Repository files navigation

BLIND: Bipedal Locomotion with Intermittent Navigation Data for Environmental Hazards

BLIND (Bipedal Locomotion with Intermittent Navigation Data for Environmental Hazards) is a reinforcement learning framework based on NVIDIA Isaac Gym, designed to train robust locomotion policies for humanoid robots (specifically RobotEra's XBot-L) under external hazards and internal failures.

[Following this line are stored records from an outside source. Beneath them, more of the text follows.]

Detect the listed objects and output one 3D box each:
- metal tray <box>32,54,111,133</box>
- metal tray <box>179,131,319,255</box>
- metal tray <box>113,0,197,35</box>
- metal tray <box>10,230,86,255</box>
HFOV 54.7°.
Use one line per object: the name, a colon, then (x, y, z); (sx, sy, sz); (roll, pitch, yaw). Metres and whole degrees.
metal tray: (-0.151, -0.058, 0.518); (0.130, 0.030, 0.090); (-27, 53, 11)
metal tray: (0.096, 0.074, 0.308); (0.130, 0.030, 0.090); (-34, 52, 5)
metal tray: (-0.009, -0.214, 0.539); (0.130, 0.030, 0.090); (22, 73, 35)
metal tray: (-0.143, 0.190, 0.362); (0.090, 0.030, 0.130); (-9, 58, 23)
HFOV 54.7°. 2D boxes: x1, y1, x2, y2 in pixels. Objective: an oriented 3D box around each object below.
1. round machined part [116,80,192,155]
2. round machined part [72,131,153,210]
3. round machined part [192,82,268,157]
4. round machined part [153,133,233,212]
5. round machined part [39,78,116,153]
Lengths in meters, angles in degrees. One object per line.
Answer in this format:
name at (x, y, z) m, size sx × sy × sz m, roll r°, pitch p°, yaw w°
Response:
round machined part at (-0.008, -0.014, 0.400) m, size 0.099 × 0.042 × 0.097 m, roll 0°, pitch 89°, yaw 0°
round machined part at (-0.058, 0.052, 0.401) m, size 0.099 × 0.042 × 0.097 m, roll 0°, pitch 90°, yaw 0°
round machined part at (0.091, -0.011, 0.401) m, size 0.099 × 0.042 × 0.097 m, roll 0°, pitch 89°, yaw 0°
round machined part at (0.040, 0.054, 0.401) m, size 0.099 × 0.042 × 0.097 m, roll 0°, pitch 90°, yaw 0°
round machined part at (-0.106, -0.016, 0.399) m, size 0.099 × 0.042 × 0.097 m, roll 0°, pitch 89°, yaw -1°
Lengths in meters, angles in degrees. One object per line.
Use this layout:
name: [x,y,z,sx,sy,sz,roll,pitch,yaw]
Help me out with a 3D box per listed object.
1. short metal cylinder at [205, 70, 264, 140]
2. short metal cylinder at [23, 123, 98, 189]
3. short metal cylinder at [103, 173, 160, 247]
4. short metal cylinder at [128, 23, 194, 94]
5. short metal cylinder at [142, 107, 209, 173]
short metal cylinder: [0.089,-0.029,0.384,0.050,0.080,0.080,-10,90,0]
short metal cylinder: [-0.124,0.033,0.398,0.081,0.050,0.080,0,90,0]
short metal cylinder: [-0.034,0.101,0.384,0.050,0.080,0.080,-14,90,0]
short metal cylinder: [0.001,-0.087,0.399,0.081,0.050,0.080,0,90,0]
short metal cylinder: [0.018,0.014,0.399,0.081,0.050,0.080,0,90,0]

This codebase builds directly upon the foundational architecture established in Humanoid-Gym: Reinforcement Learning for Humanoid Robot with Zero-Shot Sim2Real Transfer.

1. Project Overview & Motivation

Standard reinforcement learning policies for humanoid locomotion are highly susceptible to out-of-distribution (OOD) disturbances. They typically assume perfect, continuous data from sensors and uninterrupted joint execution. In the real world, physical humanoids experience:

  • Sensor noise and intermittent blackouts (e.g., thermal sensor failures, camera visual occlusions).
  • Actuator degradation (e.g., motor saturation, joint limpness or freezing).
  • External environmental hazards (e.g., collisions, physical obstacles, projectile bombardment).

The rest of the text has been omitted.